§ **Source information**
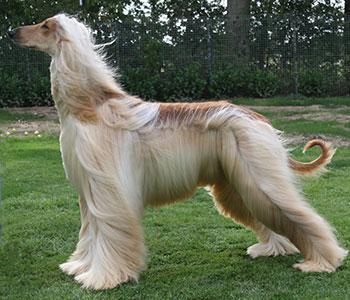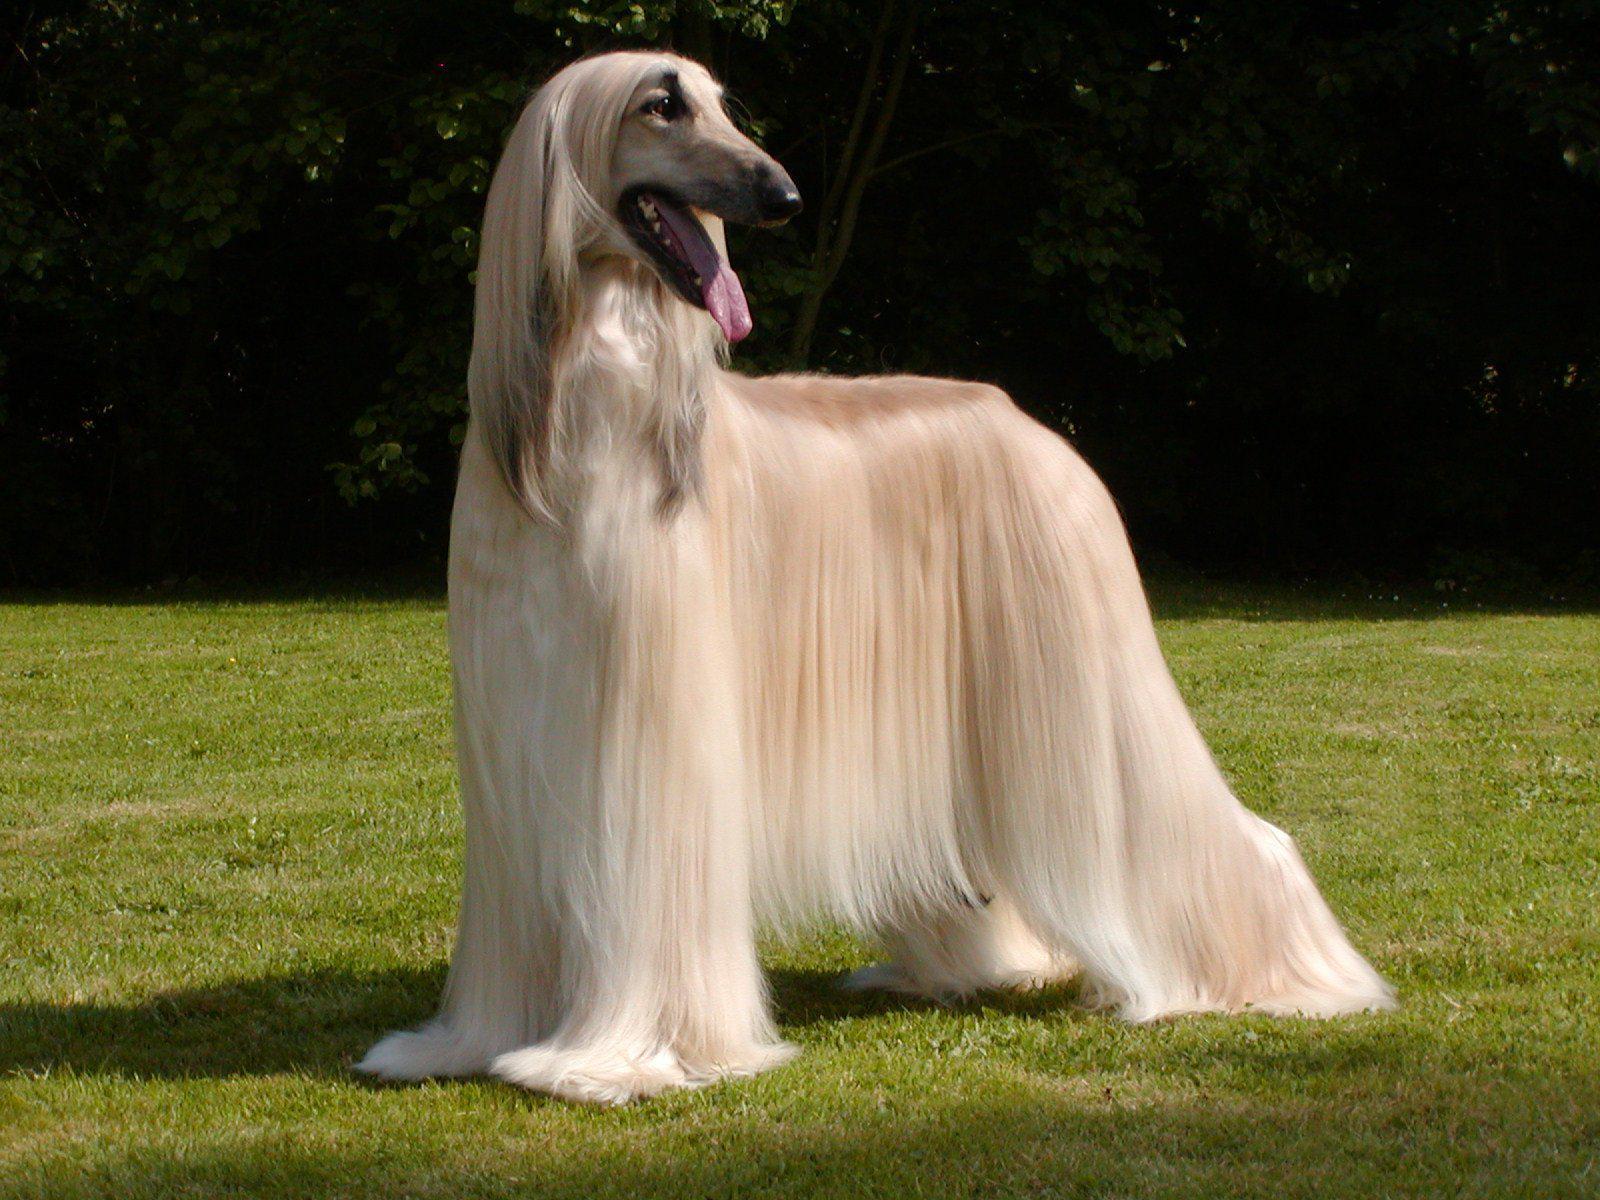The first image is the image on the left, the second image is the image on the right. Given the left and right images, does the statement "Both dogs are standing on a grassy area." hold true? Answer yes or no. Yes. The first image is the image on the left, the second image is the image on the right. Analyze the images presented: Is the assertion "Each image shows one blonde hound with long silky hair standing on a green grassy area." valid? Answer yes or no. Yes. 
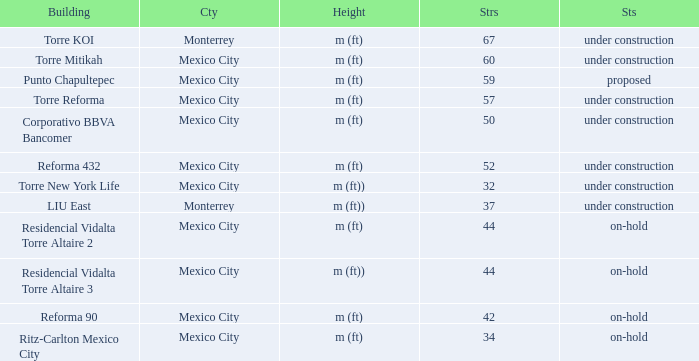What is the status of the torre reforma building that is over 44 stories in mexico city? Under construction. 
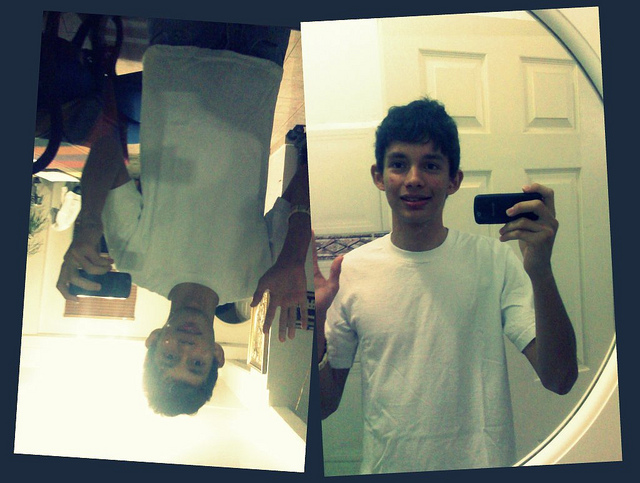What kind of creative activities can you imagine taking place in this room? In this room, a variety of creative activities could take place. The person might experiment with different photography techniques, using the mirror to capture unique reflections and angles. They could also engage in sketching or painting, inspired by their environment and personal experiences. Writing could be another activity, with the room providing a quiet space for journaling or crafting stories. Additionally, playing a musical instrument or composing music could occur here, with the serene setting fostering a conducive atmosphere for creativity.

==

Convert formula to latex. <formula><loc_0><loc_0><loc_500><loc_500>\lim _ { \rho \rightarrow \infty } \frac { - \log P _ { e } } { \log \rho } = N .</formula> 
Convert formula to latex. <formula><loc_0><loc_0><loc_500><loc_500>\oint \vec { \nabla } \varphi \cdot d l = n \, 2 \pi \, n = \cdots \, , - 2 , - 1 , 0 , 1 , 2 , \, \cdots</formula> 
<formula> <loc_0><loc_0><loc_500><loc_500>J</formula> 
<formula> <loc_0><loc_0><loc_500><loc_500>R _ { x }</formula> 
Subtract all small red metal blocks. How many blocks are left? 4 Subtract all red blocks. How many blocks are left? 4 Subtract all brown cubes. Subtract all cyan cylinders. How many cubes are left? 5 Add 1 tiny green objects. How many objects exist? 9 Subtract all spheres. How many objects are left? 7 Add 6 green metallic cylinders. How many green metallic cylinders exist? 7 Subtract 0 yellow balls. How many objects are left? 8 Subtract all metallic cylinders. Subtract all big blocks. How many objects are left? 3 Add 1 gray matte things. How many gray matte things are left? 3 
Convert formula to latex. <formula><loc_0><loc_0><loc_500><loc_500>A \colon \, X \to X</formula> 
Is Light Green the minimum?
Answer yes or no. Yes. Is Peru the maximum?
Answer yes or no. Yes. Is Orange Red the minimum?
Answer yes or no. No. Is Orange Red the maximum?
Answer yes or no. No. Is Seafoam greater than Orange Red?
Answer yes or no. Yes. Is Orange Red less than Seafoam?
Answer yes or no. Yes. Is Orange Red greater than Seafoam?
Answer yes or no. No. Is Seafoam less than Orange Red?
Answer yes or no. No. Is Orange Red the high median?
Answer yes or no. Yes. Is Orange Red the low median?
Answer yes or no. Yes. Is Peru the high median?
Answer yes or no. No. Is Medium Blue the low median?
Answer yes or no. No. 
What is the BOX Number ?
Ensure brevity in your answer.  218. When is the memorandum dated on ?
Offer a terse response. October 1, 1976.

---

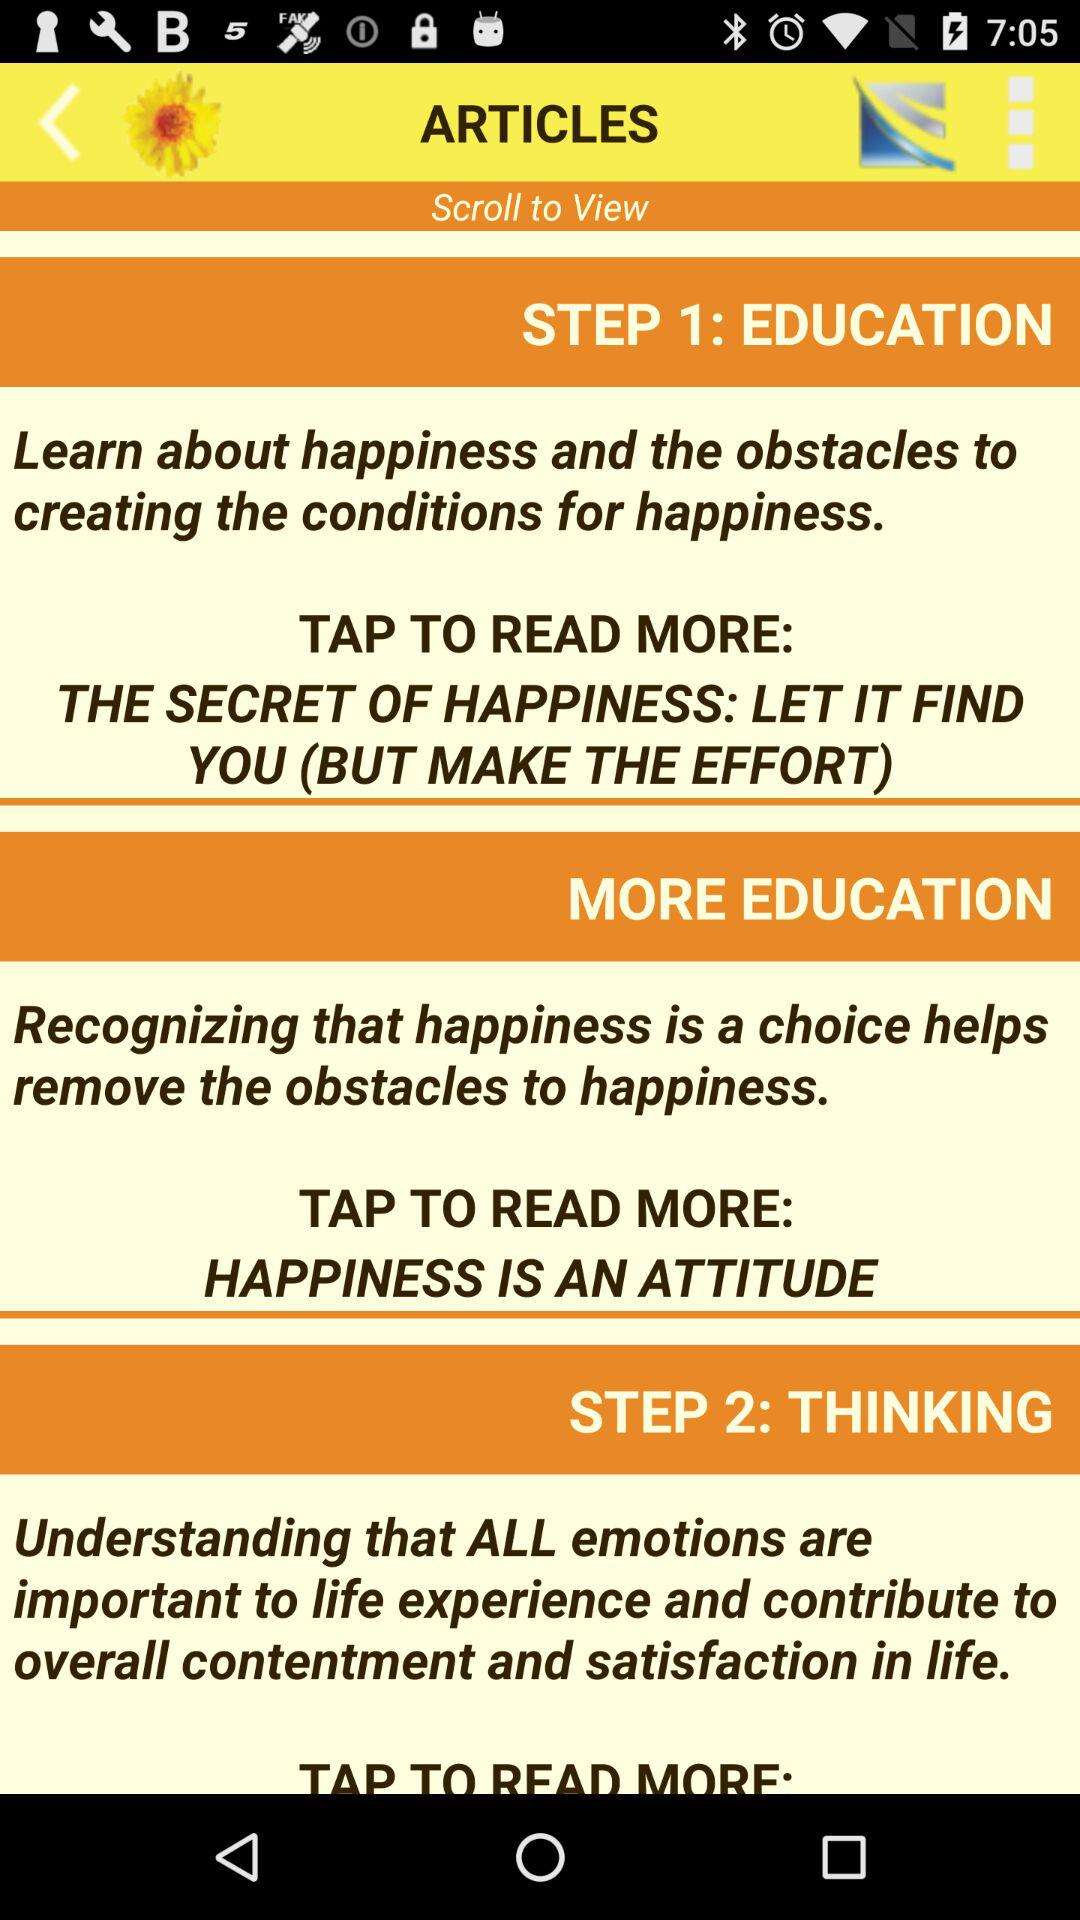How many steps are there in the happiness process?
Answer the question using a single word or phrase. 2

§ **Brief**
Leaving pictures out, output the lines of the data above from the one with "valid? Answer yes or no. Yes." through the one with "What kind of", word for word.

§ **Written answer**
The first image is the image on the left, the second image is the image on the right. Given the left and right images, does the statement "Both dogs are standing on a grassy area." hold true? Answer yes or no. Yes. The first image is the image on the left, the second image is the image on the right. Analyze the images presented: Is the assertion "Each image shows one blonde hound with long silky hair standing on a green grassy area." valid? Answer yes or no. Yes. 
What is the status of the torre reforma building that is over 44 stories in mexico city? Under construction. 
What kind of creative activities can you imagine taking place in this room? In this room, a variety of creative activities could take place. The person might experiment with different photography techniques, using the mirror to capture unique reflections and angles. They could also engage in sketching or painting, inspired by their environment and personal experiences. Writing could be another activity, with the room providing a quiet space for journaling or crafting stories. Additionally, playing a musical instrument or composing music could occur here, with the serene setting fostering a conducive atmosphere for creativity.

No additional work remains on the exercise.